Para mí ha sido muy útil empezar a cambiar actitudes desde mis círculos nucleares, como mis amigos, mi pareja, mi papá, mis tíos, primos, aquellos con los que me siento en la mesa y tengo un núcleo de confianza. Poner límites, hablar del tema, de mi incomodidad, hablar de mi preocupación. De tener pequeñas bromas que, bueno, los mexicanos y mexicanos tenemos este sentido del humor hermoso y que nos salva de muchos dolores, pero a veces somos muy hirientes y parte de lo pasa es que nos burlamos de algo que tiene que parar. Por ejemplo decir, no me voy a burlar de eso porque es violento contra el género. Me parece que eso es cambiar las cosas desde dónde podemos y que eso se va esparciendo y va creciendo.

Mi otro consejo es: investiguemos. Hay muchas asociaciones en cada estado de la República que ayudan a mujeres. Si alguna vez ven algún ejercicio de violencia, levanten la voz, lo primero que tenemos que hacer es hablar del conflicto. Hay que investigar y prepararnos. 

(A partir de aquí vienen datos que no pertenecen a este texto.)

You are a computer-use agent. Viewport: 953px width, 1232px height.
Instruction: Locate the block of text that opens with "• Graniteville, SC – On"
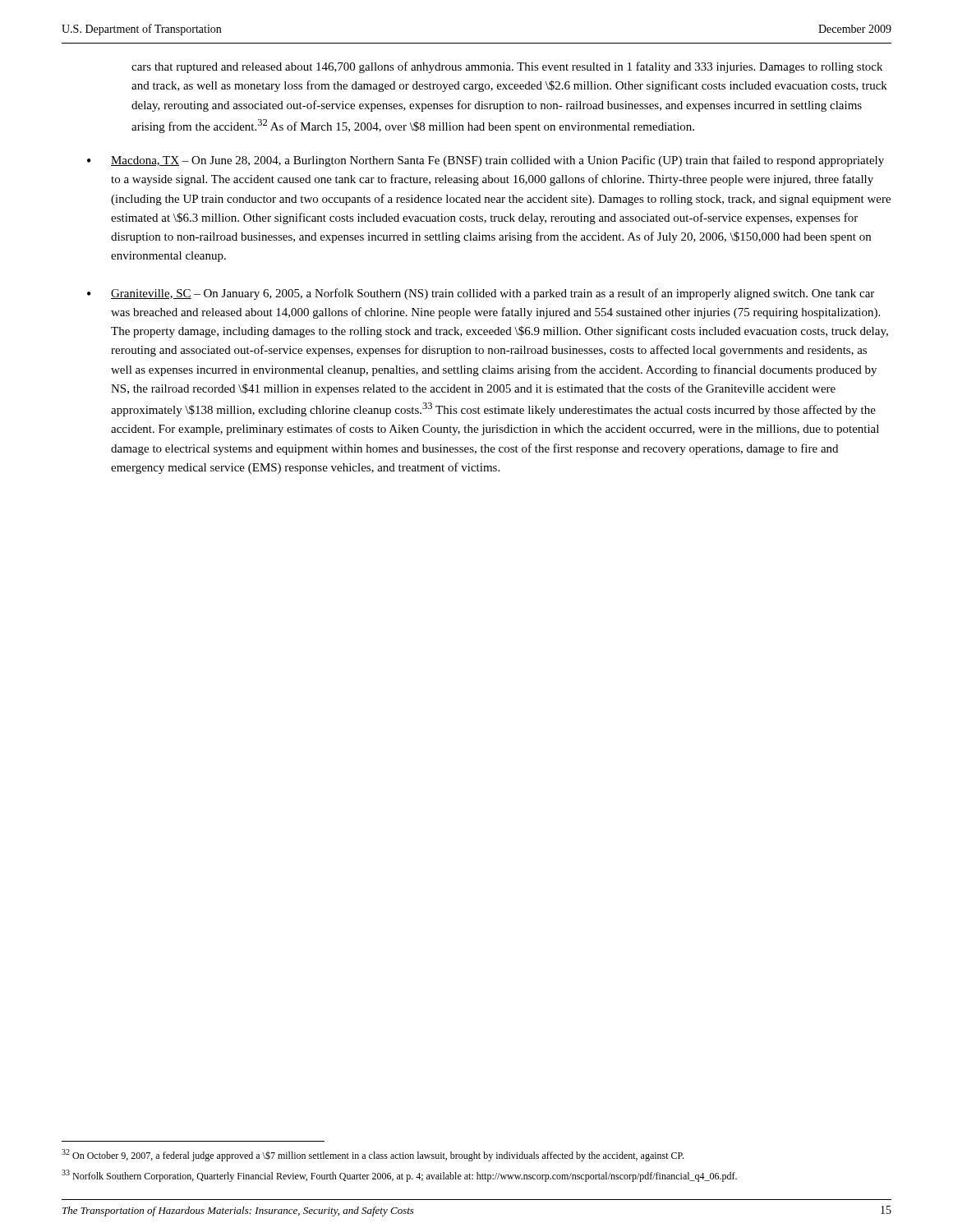click(x=489, y=380)

Este problema es de todos y de todas. Los hombres que ejercen violencia sobre la mujer lo aprendieron, están replicando un sistema que no les permite ni les enseña a manejar sus emociones. Y este mismo sistema se vuelve cómplice de nosotras mismas, muchas veces somos cómplices de hacer esta separación emocional de cómo somos unos y como somos otros. 

Entendernos también implica aceptar que hay muchos aliados, hay hombres muy buenos que son socios, aliados, amigos, amorosos y que crían mujeres y hombres increíbles. Y hay muchos otros muy diferentes, toda violencia siempre viene de un lugar violento, y lo que no sabemos es cómo tratar, educar y hablar de esa violencia o romper estigmas de esta masculinidad tóxica. 

Por último quiero agradecer a toda la gente que le está dando visibilidad. No sólo a la serie «No fue mi culpa» que eso siempre es bonito como creadora, si no al tema. Me parece que si logramos que hombre, mujeres y familias lo vean, que esto se extienda al tejido social está increíble. 

Y como creadora además poder usar tu arte y poder usar las narrativas que vas descubriendo para contar cosas importantes. Para mí ha sido un regalo poder poner todo lo que he aprendido en todos estos años de carrera en un lugar donde socialmente pueda impactar es increíble.